++++ DATA EXTRACTS ++++

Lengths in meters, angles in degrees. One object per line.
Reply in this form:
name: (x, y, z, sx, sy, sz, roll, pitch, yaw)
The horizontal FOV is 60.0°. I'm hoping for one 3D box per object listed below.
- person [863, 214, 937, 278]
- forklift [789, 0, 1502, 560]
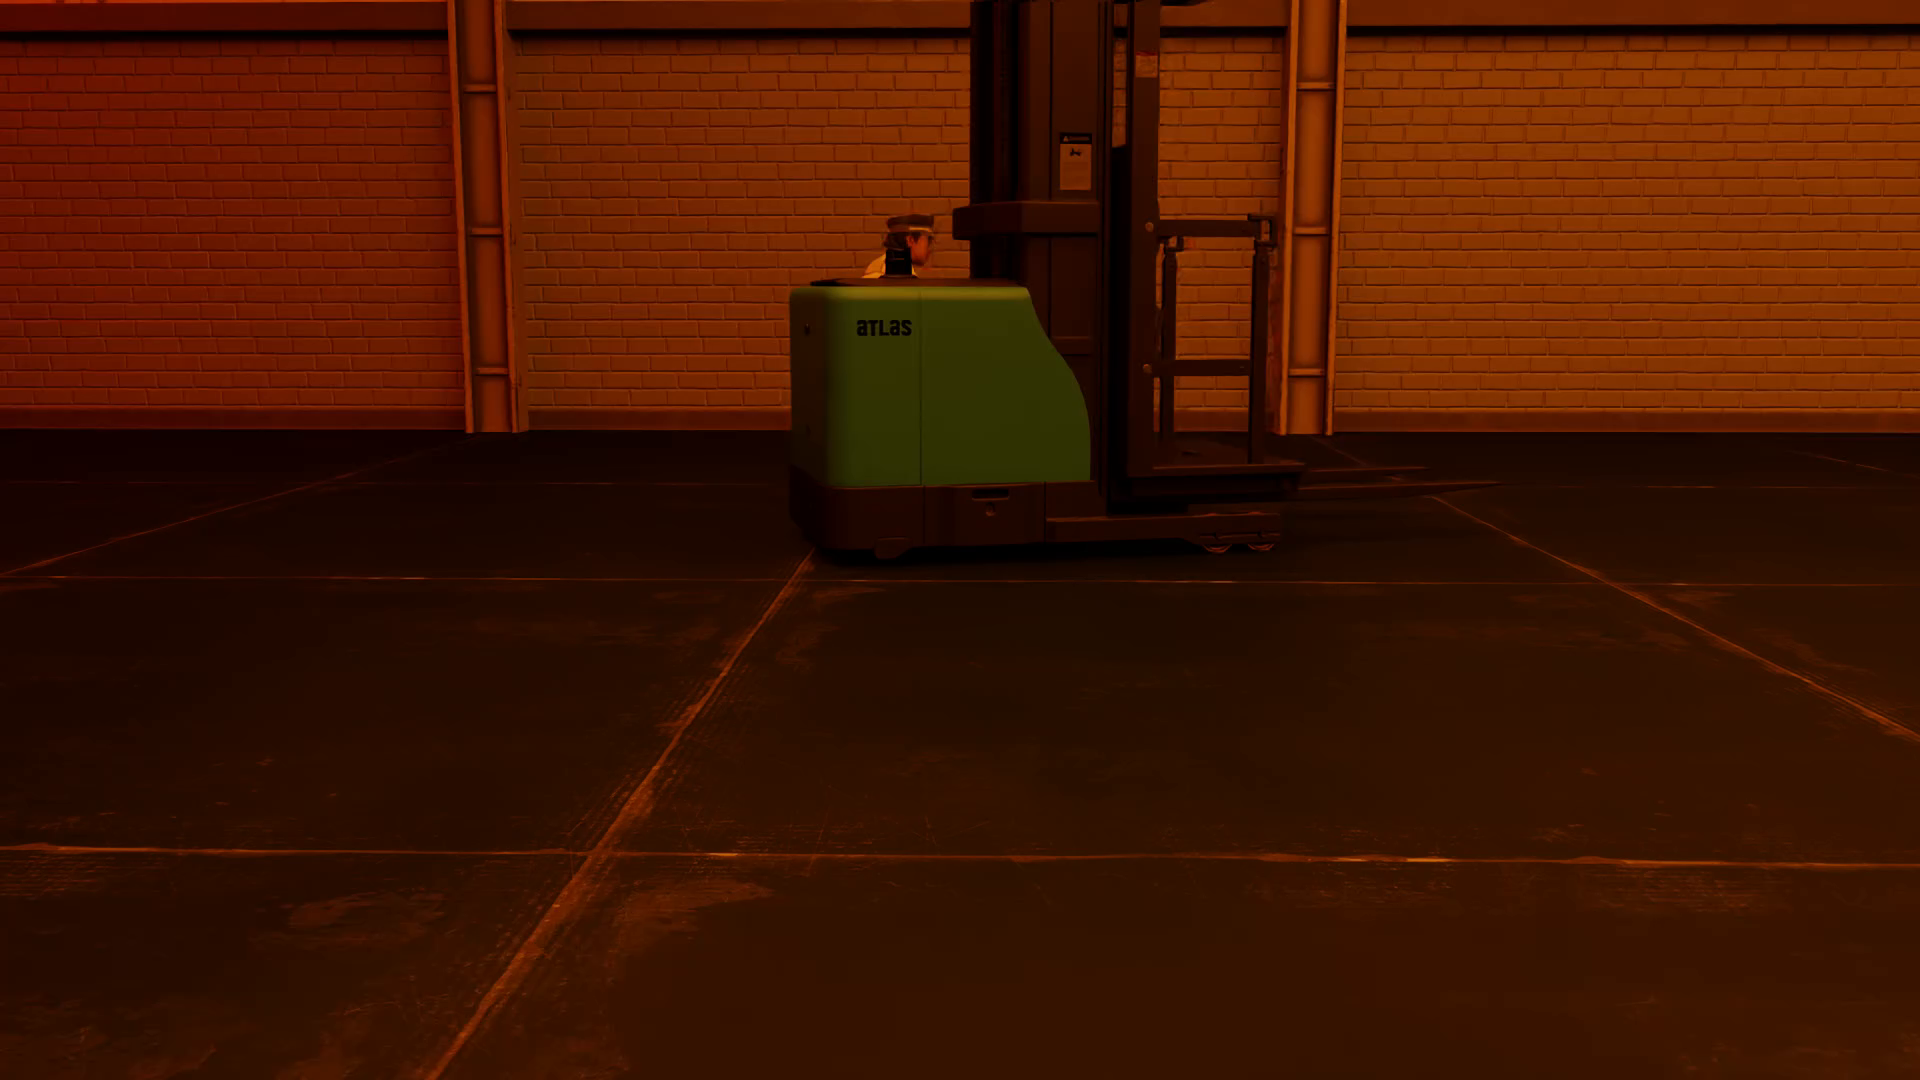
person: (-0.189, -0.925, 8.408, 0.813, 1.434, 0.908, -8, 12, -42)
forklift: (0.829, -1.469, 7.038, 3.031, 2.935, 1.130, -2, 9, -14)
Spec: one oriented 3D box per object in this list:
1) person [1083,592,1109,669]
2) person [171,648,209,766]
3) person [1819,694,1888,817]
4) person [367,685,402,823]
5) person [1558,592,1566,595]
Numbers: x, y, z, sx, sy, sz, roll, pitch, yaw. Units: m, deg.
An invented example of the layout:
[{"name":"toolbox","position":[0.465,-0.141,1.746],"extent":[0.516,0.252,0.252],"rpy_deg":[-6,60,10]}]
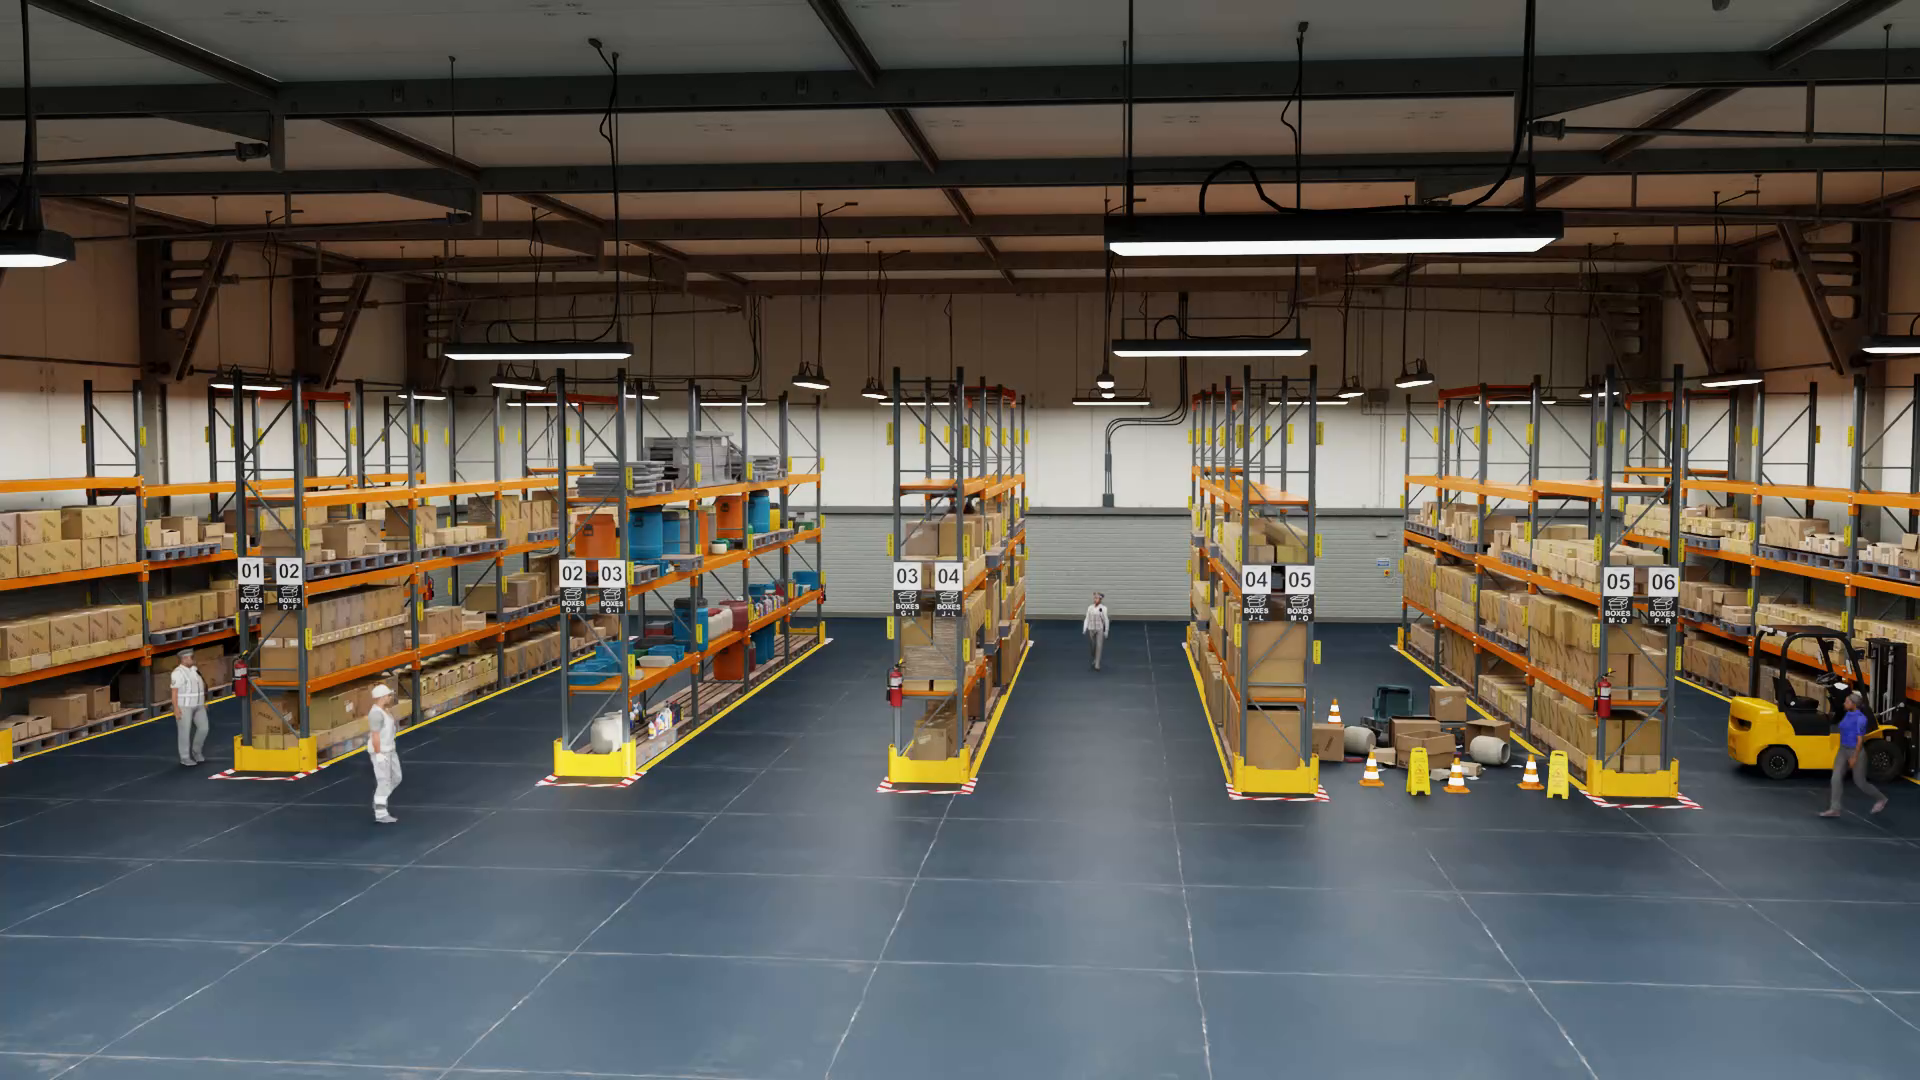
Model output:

++++

Every line from the one containing "4) person [367,685,402,823]" to the final line of the records should be duplicated exactly; no picture is to be copied.

WRITTEN ANSWER
4) person [367,685,402,823]
5) person [1558,592,1566,595]
Numbers: x, y, z, sx, sy, sz, roll, pitch, yaw. Units: m, deg.
An invented example of the layout:
[{"name":"toolbox","position":[0.465,-0.141,1.746],"extent":[0.516,0.252,0.252],"rpy_deg":[-6,60,10]}]
Model output:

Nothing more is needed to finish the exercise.